Theorem
Let $\Omega\subseteq \mathbb{C}$ be a region and $f\in H(\mathbb{C})$ ($f$ is analytic on $\mathbb{C}$). If $|f|$ has in $\Omega$ a local maximum, then $f$ is constant.
Proof. Let $ D(a,\ r)\subseteq\Omega$ be a disk with $|f(z)|\leq|f(a)|$ for all $z\in D(a,\ r)$ ($a$ is therefore a local maximum for $f$).

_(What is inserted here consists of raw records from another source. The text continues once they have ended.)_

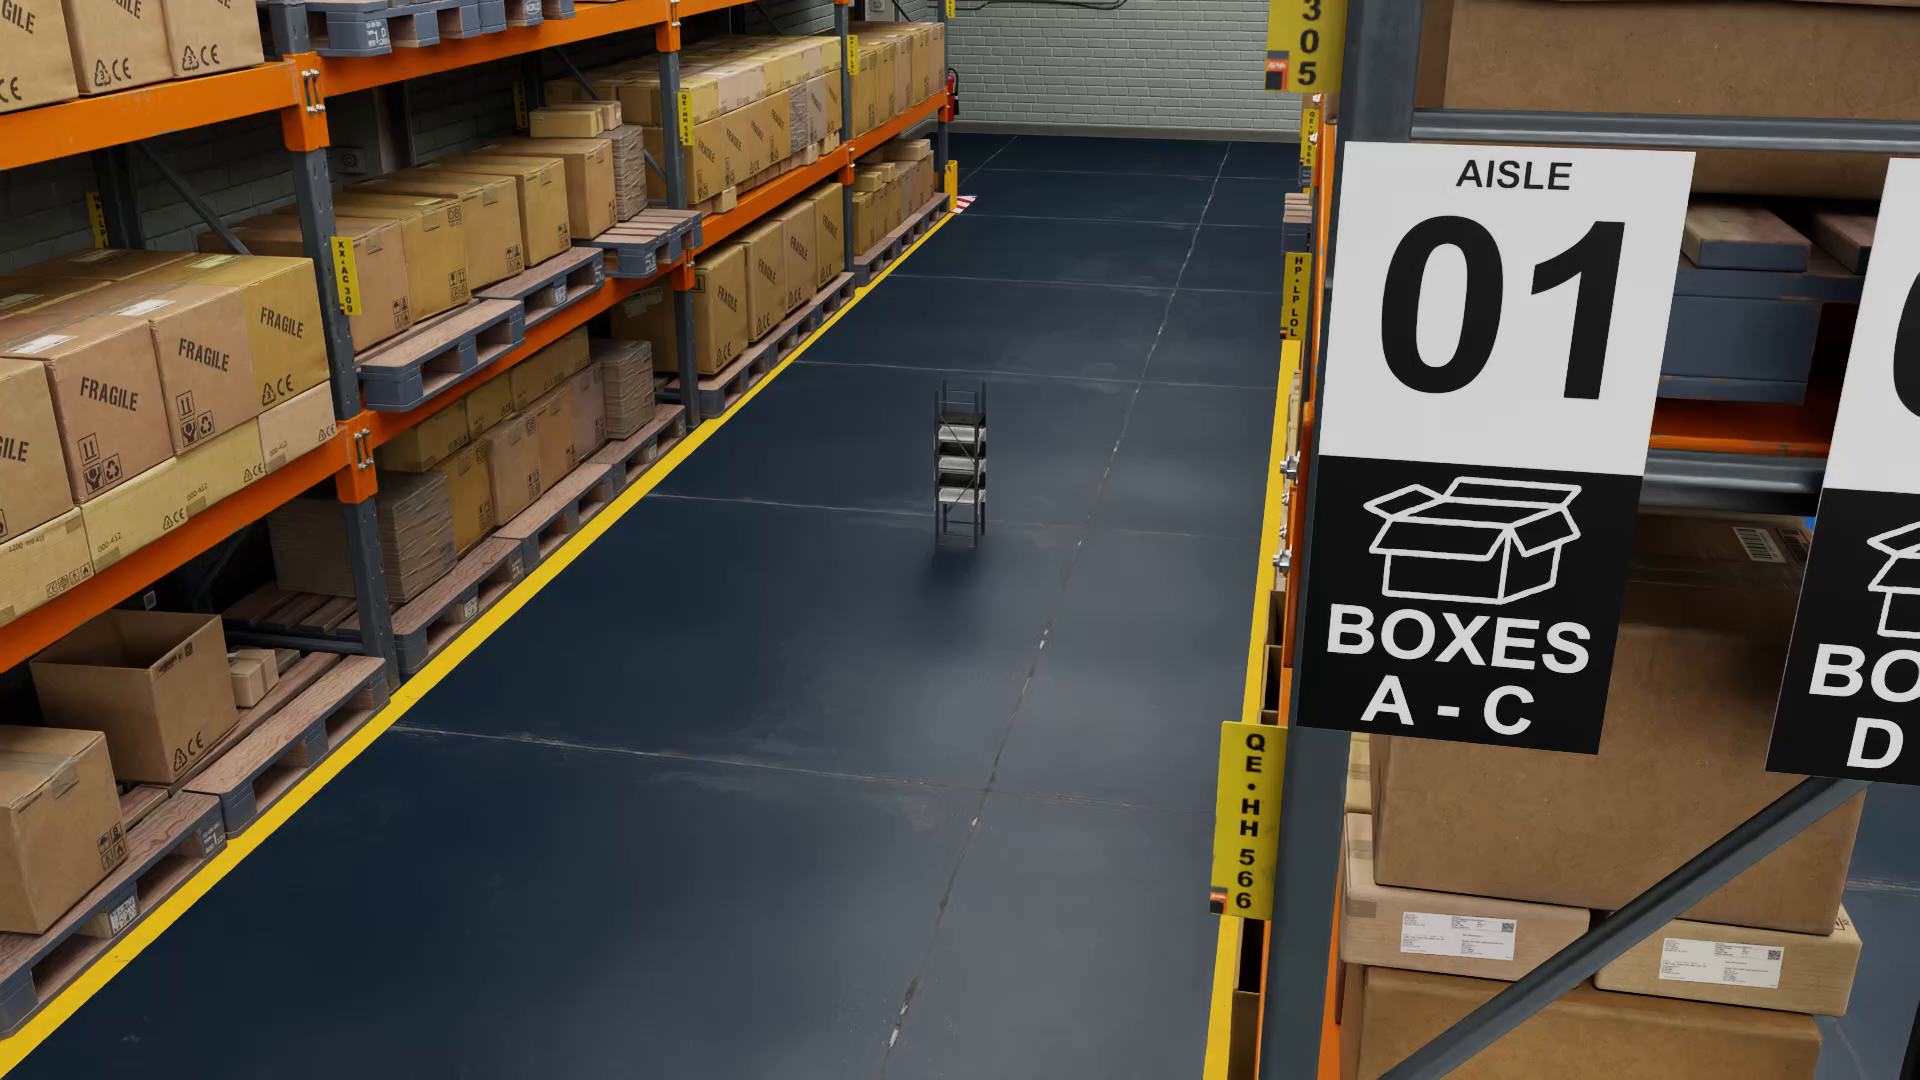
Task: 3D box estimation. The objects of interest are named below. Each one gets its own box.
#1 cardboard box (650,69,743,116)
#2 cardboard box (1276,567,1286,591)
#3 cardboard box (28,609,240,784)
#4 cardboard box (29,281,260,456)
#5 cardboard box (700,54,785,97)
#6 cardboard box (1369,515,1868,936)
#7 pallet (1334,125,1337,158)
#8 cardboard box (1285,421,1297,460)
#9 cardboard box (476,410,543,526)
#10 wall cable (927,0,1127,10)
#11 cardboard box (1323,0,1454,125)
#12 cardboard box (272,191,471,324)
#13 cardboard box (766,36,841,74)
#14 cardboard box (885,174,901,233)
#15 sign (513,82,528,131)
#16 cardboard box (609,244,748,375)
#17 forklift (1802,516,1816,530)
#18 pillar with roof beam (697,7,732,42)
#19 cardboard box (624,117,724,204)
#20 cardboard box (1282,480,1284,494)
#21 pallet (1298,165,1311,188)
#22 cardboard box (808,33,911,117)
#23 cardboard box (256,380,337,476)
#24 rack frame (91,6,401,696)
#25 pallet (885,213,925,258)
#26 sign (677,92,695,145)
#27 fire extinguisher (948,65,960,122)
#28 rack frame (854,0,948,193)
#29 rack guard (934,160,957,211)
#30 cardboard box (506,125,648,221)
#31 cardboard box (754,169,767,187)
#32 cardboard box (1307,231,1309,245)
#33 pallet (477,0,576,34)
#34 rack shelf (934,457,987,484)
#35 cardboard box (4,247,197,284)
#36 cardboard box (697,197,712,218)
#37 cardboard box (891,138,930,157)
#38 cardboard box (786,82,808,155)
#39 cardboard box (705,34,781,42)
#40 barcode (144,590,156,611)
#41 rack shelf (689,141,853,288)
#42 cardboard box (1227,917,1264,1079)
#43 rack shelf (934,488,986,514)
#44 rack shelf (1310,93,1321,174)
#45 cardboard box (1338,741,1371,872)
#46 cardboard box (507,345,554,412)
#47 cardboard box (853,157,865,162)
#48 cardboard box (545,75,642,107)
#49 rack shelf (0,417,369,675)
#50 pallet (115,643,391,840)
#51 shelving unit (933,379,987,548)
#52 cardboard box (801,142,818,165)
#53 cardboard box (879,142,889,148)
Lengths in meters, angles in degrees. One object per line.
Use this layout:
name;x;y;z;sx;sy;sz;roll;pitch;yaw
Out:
cardboard box;-1.810;-3.078;11.418;0.500;0.250;0.500;4;22;10
cardboard box;1.572;0.296;6.970;0.500;0.311;0.500;4;22;11
cardboard box;-3.253;0.608;6.587;0.500;0.500;0.500;3;22;7
cardboard box;-2.970;-0.638;6.094;0.500;0.500;0.500;4;22;11
cardboard box;-1.614;-3.448;12.337;0.500;0.250;0.500;4;22;10
cardboard box;1.072;0.271;2.794;0.700;0.500;0.500;5;22;11
pallet;1.370;-0.946;3.790;1.003;0.211;1.213;4;22;11
cardboard box;1.987;-0.448;8.819;0.500;0.311;0.500;4;22;9
cardboard box;-2.746;-0.422;9.143;0.700;0.500;0.500;5;22;12
wall cable;0.872;-8.503;22.577;3.097;2.526;0.112;4;22;11
cardboard box;0.931;-0.914;3.044;0.500;0.250;0.500;4;22;11
cardboard box;-2.822;-1.368;8.013;0.700;0.500;0.500;7;23;16
cardboard box;-1.293;-4.007;13.726;0.500;0.250;0.500;5;22;12
cardboard box;-0.982;-3.328;16.386;0.700;0.500;0.500;5;22;12
sign;-2.808;-2.771;10.670;0.100;0.325;0.005;4;22;11
cardboard box;-1.986;-1.650;11.750;0.750;0.750;0.750;4;22;10
forklift;5.565;-1.307;8.677;3.031;2.935;1.130;-4;22;-11
pillar with roof beam;2.063;-6.433;13.280;9.100;9.000;0.400;4;22;11
cardboard box;-1.914;-2.545;11.099;0.500;0.500;0.500;5;22;13
cardboard box;1.990;-0.193;8.935;0.500;0.250;0.500;4;22;10
pallet;3.132;-2.907;12.813;1.003;0.211;1.213;4;22;11
cardboard box;-1.028;-4.526;16.174;0.980;0.700;0.700;3;22;8
cardboard box;-2.880;-0.474;6.689;0.500;0.250;0.500;5;22;11
rack frame;-3.080;-0.730;7.152;1.000;3.000;0.127;4;22;11
pallet;-0.969;-3.082;16.724;1.003;0.211;1.213;4;22;11
sign;-1.731;-2.656;10.489;0.100;0.325;0.005;4;22;11
fire extinguisher;-0.149;-4.930;18.183;0.296;0.674;0.183;4;22;11
rack frame;-0.632;-5.119;18.049;1.000;3.000;0.127;4;22;11
rack guard;-0.627;-3.968;18.538;1.175;0.500;0.348;4;22;11
cardboard box;-2.350;-2.271;10.255;0.700;0.500;0.500;2;22;5
cardboard box;-1.668;-2.751;12.478;0.380;0.149;0.250;5;22;11
cardboard box;3.241;-2.554;14.438;0.500;0.500;0.500;4;22;11
pallet;-2.641;-2.632;8.109;1.213;0.211;1.003;4;22;11
rack shelf;0.002;-0.389;9.205;0.258;0.077;0.200;4;22;11
cardboard box;-3.381;-0.862;6.649;0.500;0.500;0.500;4;22;10
cardboard box;-1.910;-2.280;11.310;0.380;0.149;0.250;5;22;12
cardboard box;-0.524;-4.131;17.511;0.380;0.149;0.250;4;22;10
cardboard box;-1.501;-3.291;12.952;0.500;0.500;0.500;4;22;11
cardboard box;-1.797;-4.049;13.830;0.500;0.250;0.500;5;23;13
barcode;-3.425;0.256;7.032;0.001;0.075;0.075;4;22;11
rack shelf;-1.856;-2.591;12.735;1.077;0.370;4.000;4;22;11
cardboard box;0.962;1.256;4.335;0.500;0.500;0.500;4;22;11
rack shelf;0.002;-0.223;9.273;0.258;0.077;0.200;4;22;11
rack shelf;2.178;-2.143;7.608;1.077;0.370;4.000;4;22;11
cardboard box;0.897;0.511;3.066;0.380;0.149;0.250;5;22;12
cardboard box;-2.638;-0.926;9.391;0.500;0.250;0.500;4;22;11
cardboard box;-1.156;-3.696;16.432;0.380;0.149;0.250;4;22;10
cardboard box;-2.425;-2.920;11.027;0.500;0.250;0.500;5;22;12
rack shelf;-3.488;0.335;5.470;1.077;0.370;4.000;4;22;11
pallet;-3.183;0.811;7.056;1.003;0.211;1.213;4;22;11
shelving unit;0.002;-0.420;9.193;0.258;0.900;0.210;4;22;11
cardboard box;-1.361;-3.117;13.388;0.380;0.149;0.250;4;22;11
cardboard box;-0.949;-4.067;17.353;0.380;0.149;0.250;5;22;11

Then we have for every $\rho\in(0,\ r)$ with $\gamma(t)=a+\rho e^{it} \ (t\ \in[0,2\pi])$:
$$
|f(a)|=\frac{1}{2\pi}\left|\int_{\gamma}\frac{f(\xi)}{\xi-a}\mathrm{d}\xi\right|\ \leq\frac{1}{2\pi}\int_{0}^{2\pi}|f(a+\rho e^{it})|\mathrm{d}t\ \leq|f(a)| \ \ \ (1)
$$
$\color{green}{\text{I understand the inequality in (1), but what is the point of showing: } |f(a)|\leq|f(a)|?}$
$\color{green}{\text{Why is this mentioned?}}$
From $|f(a+\rho e^{it})|\leq|f(a)$ for $t \in[0,2\pi]$ and $\displaystyle \frac{1}{2\pi}\int_{0}^{2\pi}|f(a+\rho e^{it})|\mathrm{d}t =|f(a)|$ (2) we have:
$$
|f(a+\rho e^{it})|=|f(a)|\ (t\ \in[0,2\pi]).\ \ \ (3)
$$
$\color{green}{\text{What is the role of the integral in (2), in showing the equality (3)?}}$
Therefore we have:
$$
|f(z)|=|f(a)|\ (z\in D(a,r))\ (*)
$$
If $f$ would not be constant, then (because $\Omega$ is a region) also $f:D(a, r)\rightarrow \mathbb{C}$ would not be constant and $f(D(a,\ r))$ would be open, which is a contradiction to $(*)$.
$
\square
$
===
I still don't get something:
So we know that:
$|f(a+\rho e^{it})|\leq|f(a)$ for $t \in[0,2\pi]$ and
$\displaystyle \frac{1}{2\pi}\int_{0}^{2\pi}|f(a+\rho e^{it})|\mathrm{d}t =|f(a)|$
I still don't see why:
$f(a+\rho e^{it})|\mathrm{d}t =|f(a)|$ follows.
Best Answer
The point of inequality (1) is that we have equality two. Define $g\colon [0,2\pi]\to\Bbb R$ by $g(t)=|f(a)|-|f(a+\rho e^{it})|$. This function is non-negative, continuous and its integral is $0$ hence $g$ is identically $0$ (that's why we used integral).